At least 39 people have been killed in violent attacks by leftist guerrillas near Colombia’s troubled border with Venezuela.
Authorities said the government had been forced to suspend high-level peace talks with the group after the guerrilla attacks, according to a foreign news agency report.
President Gustavo Petro suspended already troubled peace talks with the National Liberation Army, accusing it of war crimes amid a fresh wave of unrest.
In two separate incidents, National Liberation Army fighters targeted a rival leftist group and a powerful paramilitary criminal gang, dashing hopes that the group would surrender voluntarily.
At least 30 people were killed and 20 wounded when National Liberation Army fighters targeted dissident members of the Revolutionary Armed Forces of Colombia (FARC) in several villages and farms, according to the North Ascension Department in northeastern Colombia.

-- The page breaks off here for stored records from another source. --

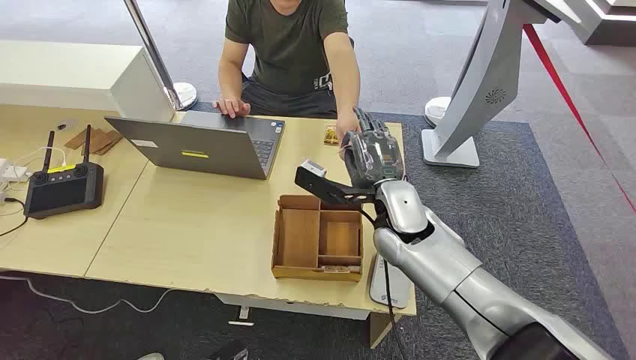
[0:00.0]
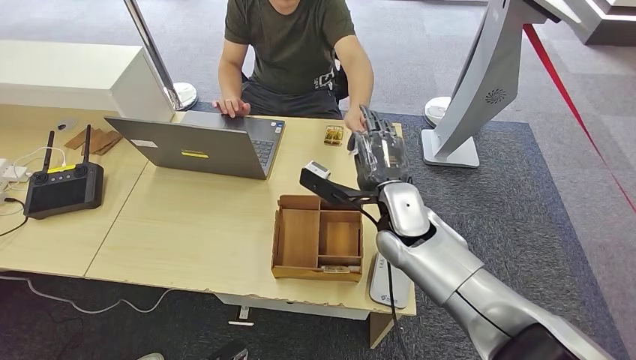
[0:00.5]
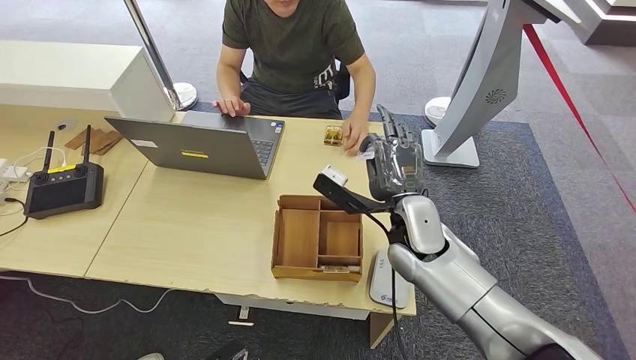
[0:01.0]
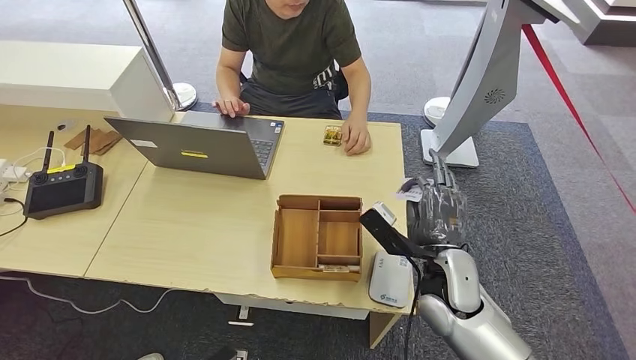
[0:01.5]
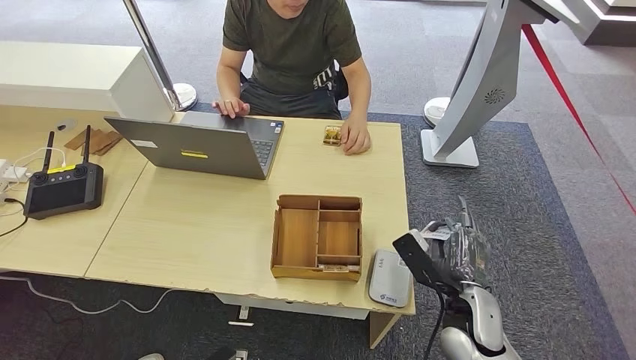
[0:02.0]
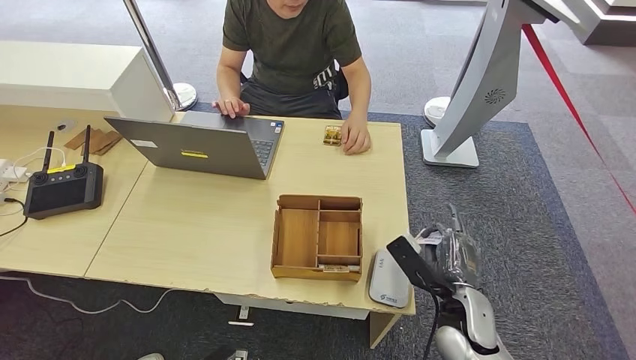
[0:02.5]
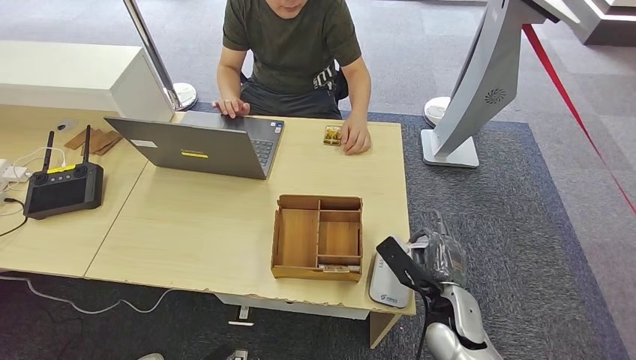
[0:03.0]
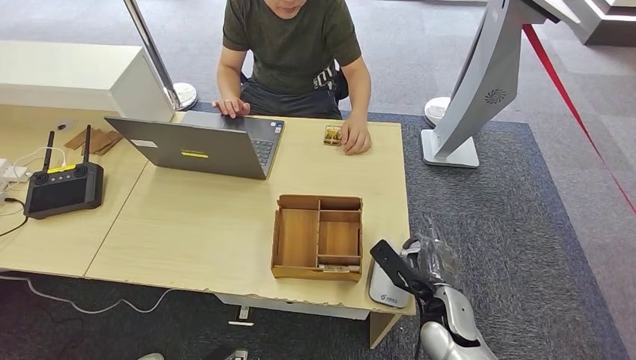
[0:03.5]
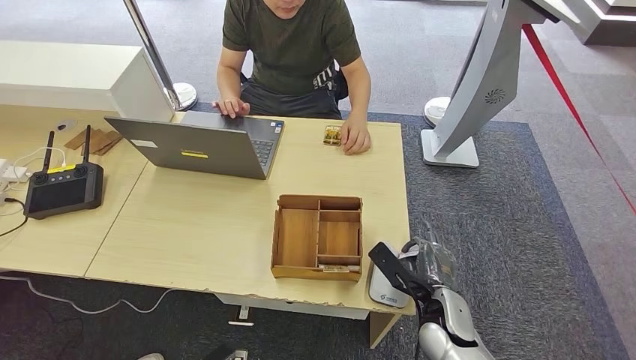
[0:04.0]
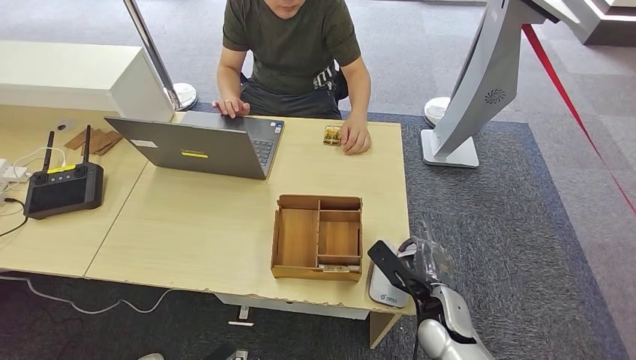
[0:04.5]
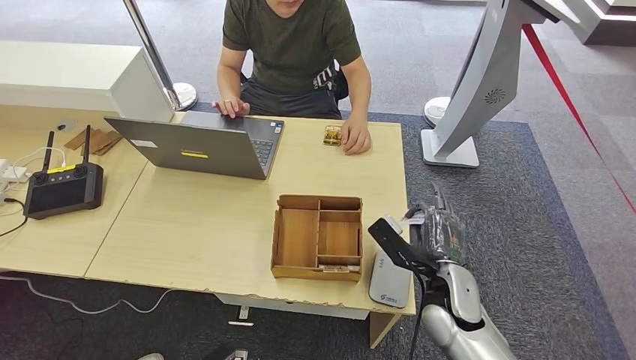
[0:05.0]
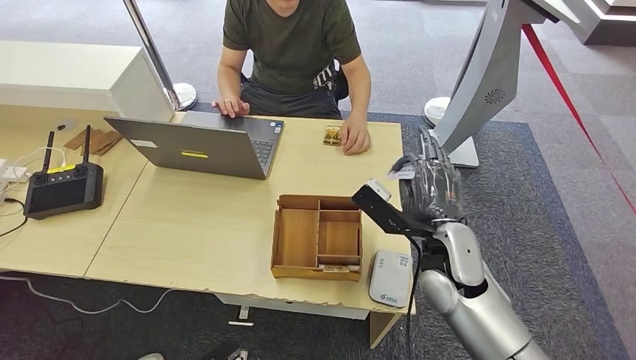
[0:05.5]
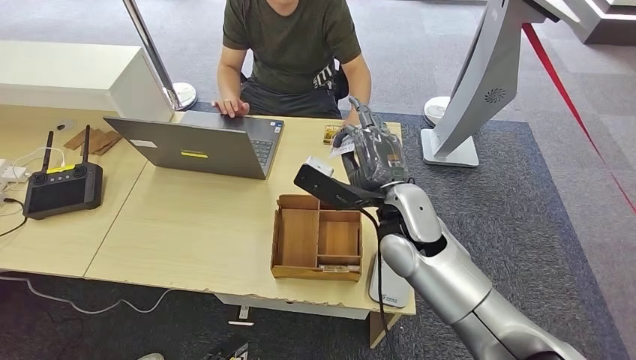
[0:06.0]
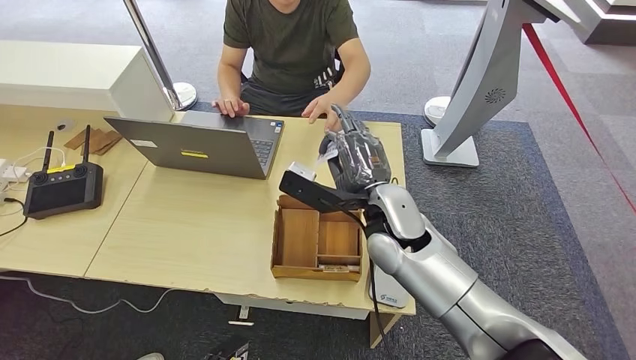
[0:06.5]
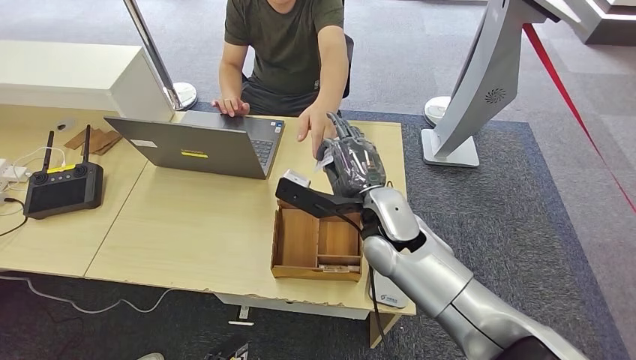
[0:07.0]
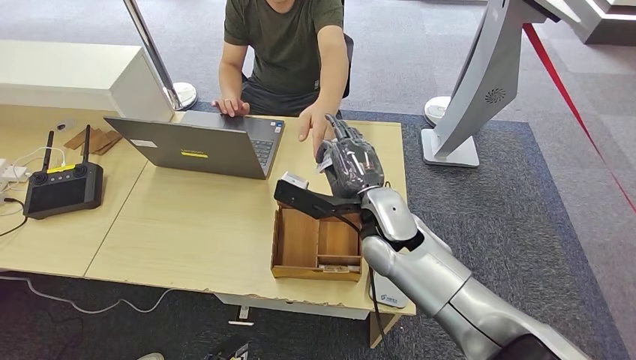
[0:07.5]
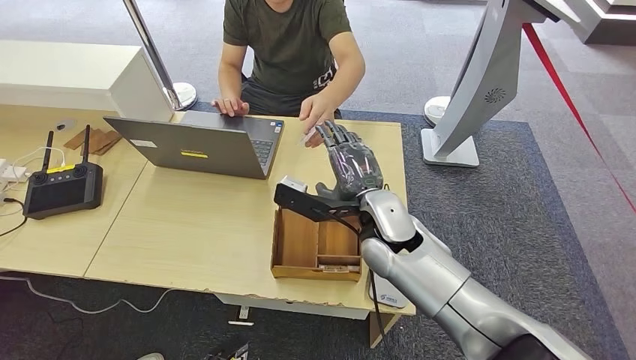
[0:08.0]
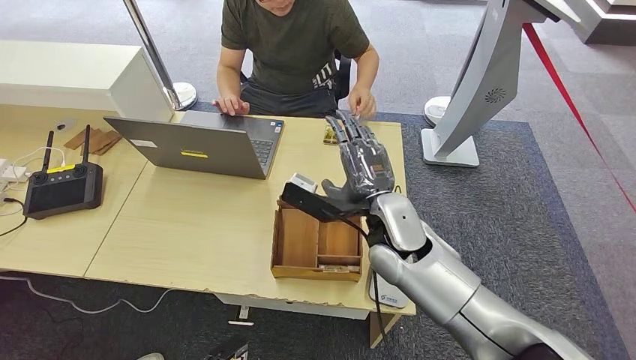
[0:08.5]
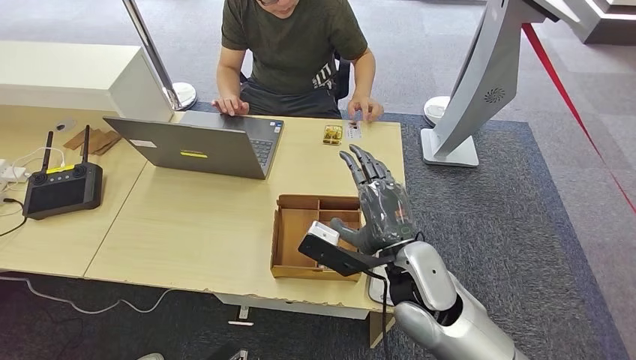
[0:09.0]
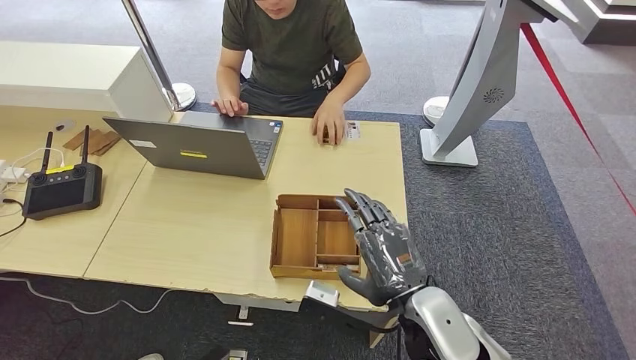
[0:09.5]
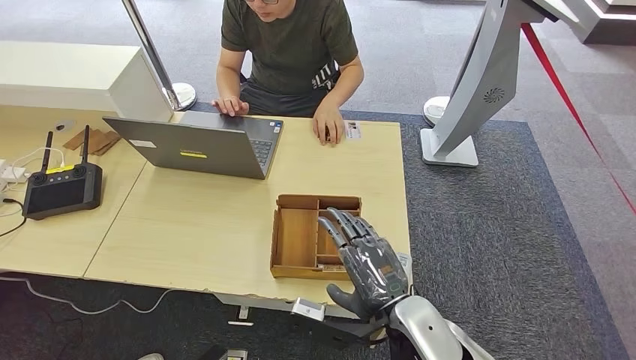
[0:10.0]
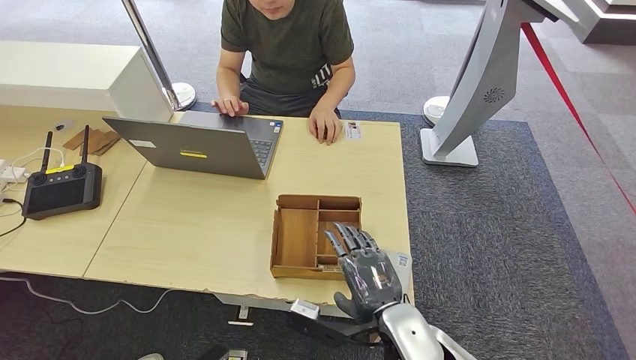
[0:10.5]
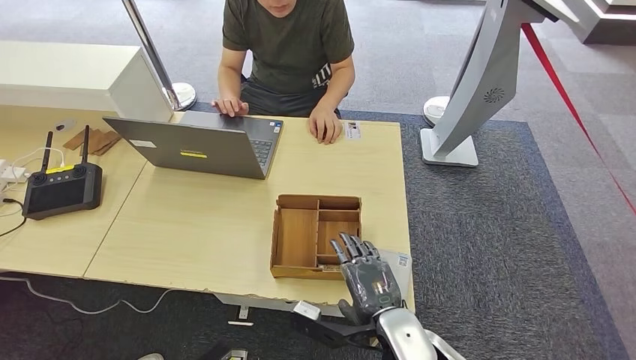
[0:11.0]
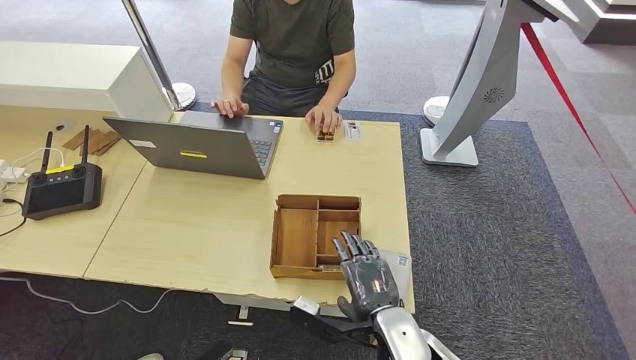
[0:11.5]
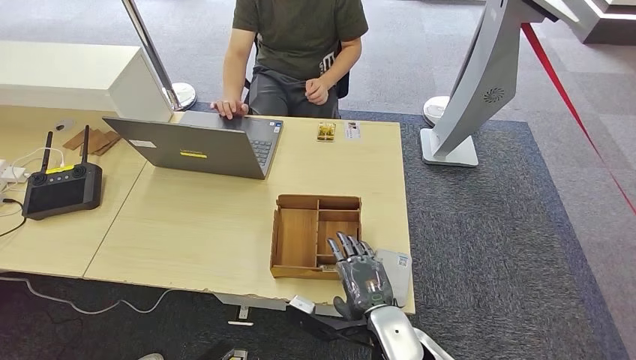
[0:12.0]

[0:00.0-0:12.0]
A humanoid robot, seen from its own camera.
Step, 0:00.0 to 0:01.0: Take the ID card from the person's hand.
Step, 0:01.5 to 0:04.5: Place the ID card on the card reader.
Step, 0:05.0 to 0:08.5: Hand the ID card to the person.
0:02.0 to 0:04.0: The right hand shifts by some 5 cm.
0:04.0 to 0:06.0: The right hand moves upward and to the left, approximately 20 cm.
0:06.0 to 0:08.0: There are only small adjustments of the hands.
0:08.0 to 0:10.0: The right hand is displaced backward by some 15 cm.
0:10.0 to 0:12.0: The right hand shifts about 10 cm downward.

Nine people were killed in the nearby department of Bolivar, in the northern state of Asuncion, officials said, as gunmen went door-to-door searching for people linked to rival gangs.
The department’s governor said the violence began on Thursday and was sparked by a territorial dispute over the cocaine trade.
Armed groups have been fighting for decades for control of the lucrative coca plantations, which are located along the Colombia-Venezuela border and fuel cocaine use worldwide.